Il “franchising” dei brand famosi nel contesto criminale funziona e lo standard di prestazione (tipico di quel contratto) non è imposto per entrare a far parte di una certa catena commerciale o di servizi, ma si traduce nel riconoscimento ex post di un atto che merita una sorta di “denominazione di origine controllata”.
Il pesantissimo clima dell’atmosfera terroristica affligge anche il ciclo biologico della democrazia. Tra gli effetti collaterali, infatti, saltano fuori provvedimenti d’urgenza a limitare la libertà personale e a giustificare restrizioni. Meno è efficiente la macchina dell’intelligence, più diventa necessario far scattare le più diverse forme di “coprifuoco” immaginando un significativo contenimento del rischio…
Il prendere posizione per una o l’altra fazione ha sempre potenziali conseguenze e i terroristi possono certo cogliere l’occasione da dichiarazioni di leader politici stranieri, ma in realtà chi scommette sulla paura colpisce a casaccio perché proprio la scelta randomica del bersaglio incrementa il panico e lo sgomento internazionale.
Se si temono attacchi, e il discorso vale a giro d’orizzonte, ci si chieda perché per anni non si è mosso un dito per contribuire ad una soluzione pacifica ed equa di tante negazioni del buon senso e della semplice “umanità”. Questo esame di coscienza dovrebbe partire anzitutto dalle Nazioni Unite fino ad arrivare a tutti i Paesi occidentali che con la loro apatia hanno spalancato la porta a chi gode di questa instabilità (Russia e Cina) e a chi sotto il profilo tattico sa di poterne trarre beneficio e soffia sul fuoco (Iran e dintorni).
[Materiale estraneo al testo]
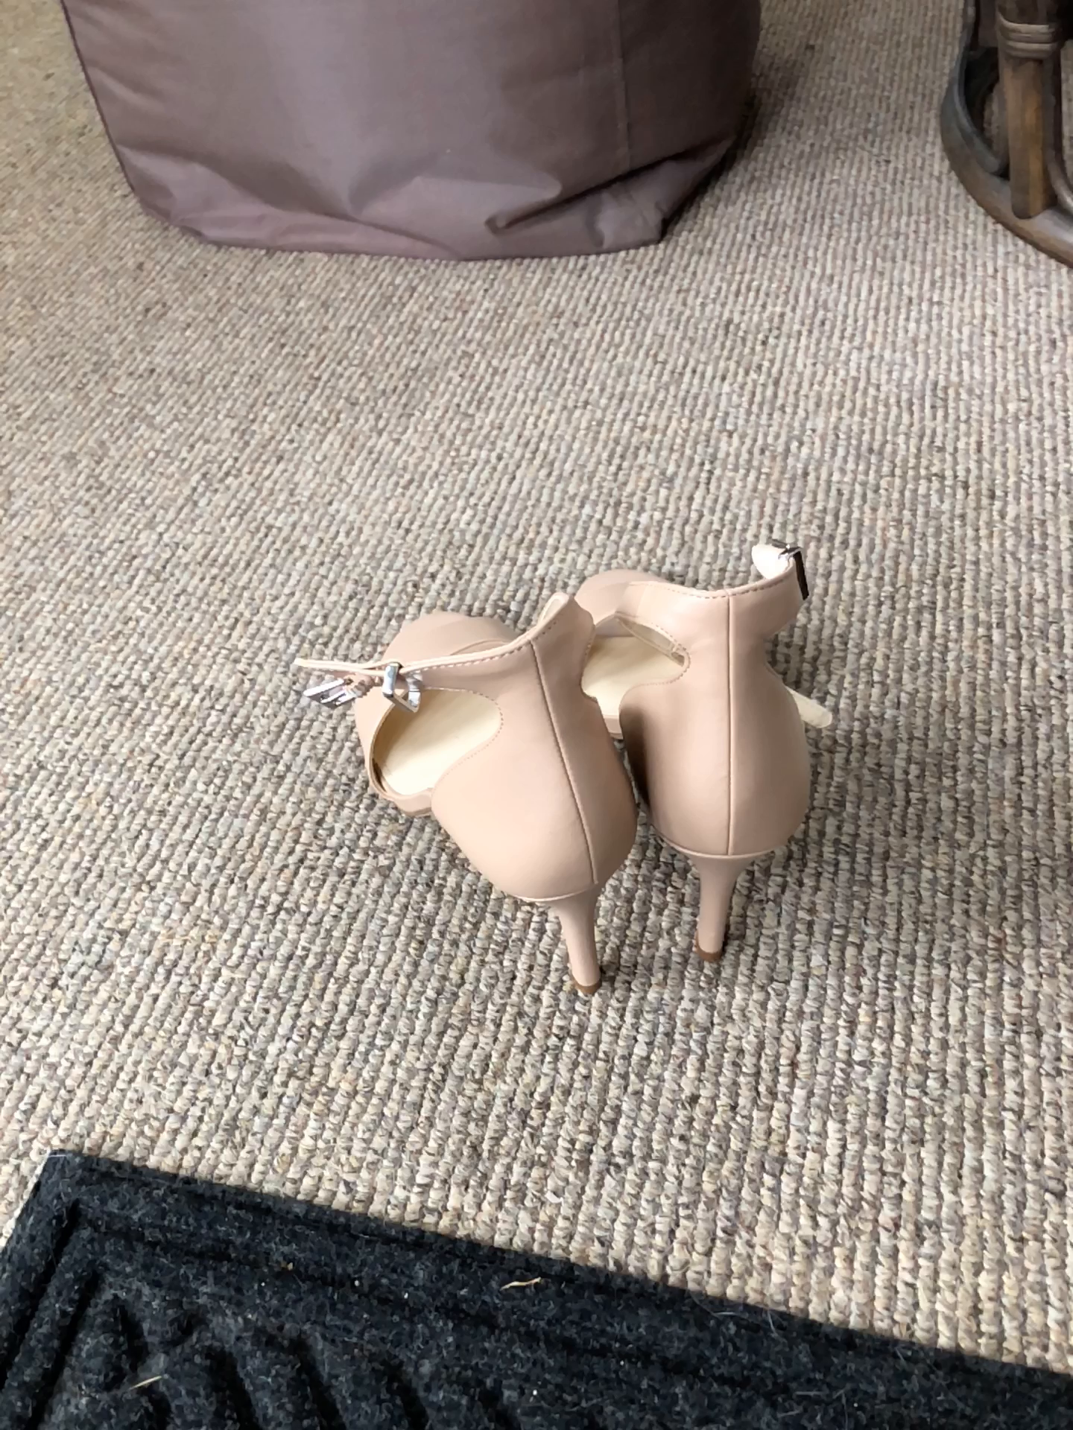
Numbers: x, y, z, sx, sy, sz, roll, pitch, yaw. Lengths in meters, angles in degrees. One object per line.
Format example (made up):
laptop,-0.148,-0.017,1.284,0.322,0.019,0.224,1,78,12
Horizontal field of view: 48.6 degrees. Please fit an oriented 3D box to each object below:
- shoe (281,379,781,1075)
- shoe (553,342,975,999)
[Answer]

I terroristi possono contare sulle tecnologie più di quanto se ne possa avvalere il lato dei “buoni” che ne hanno sottovalutato il ruolo e le potenzialità. A prescindere dalle opportunità di impenetrabile comunicazione interna ai sodalizi criminali, chi si rende protagonista di barbarie sa perfettamente che Internet, i social e le piattaforme di messaggistica istantanea sono il miglior megafono di cui poter disporre per recapitare – attraverso immagini o video anche falsi o fuori contesto – il terrore a domicilio e per far capire che può arrivare ovunque e non solo virtualmente.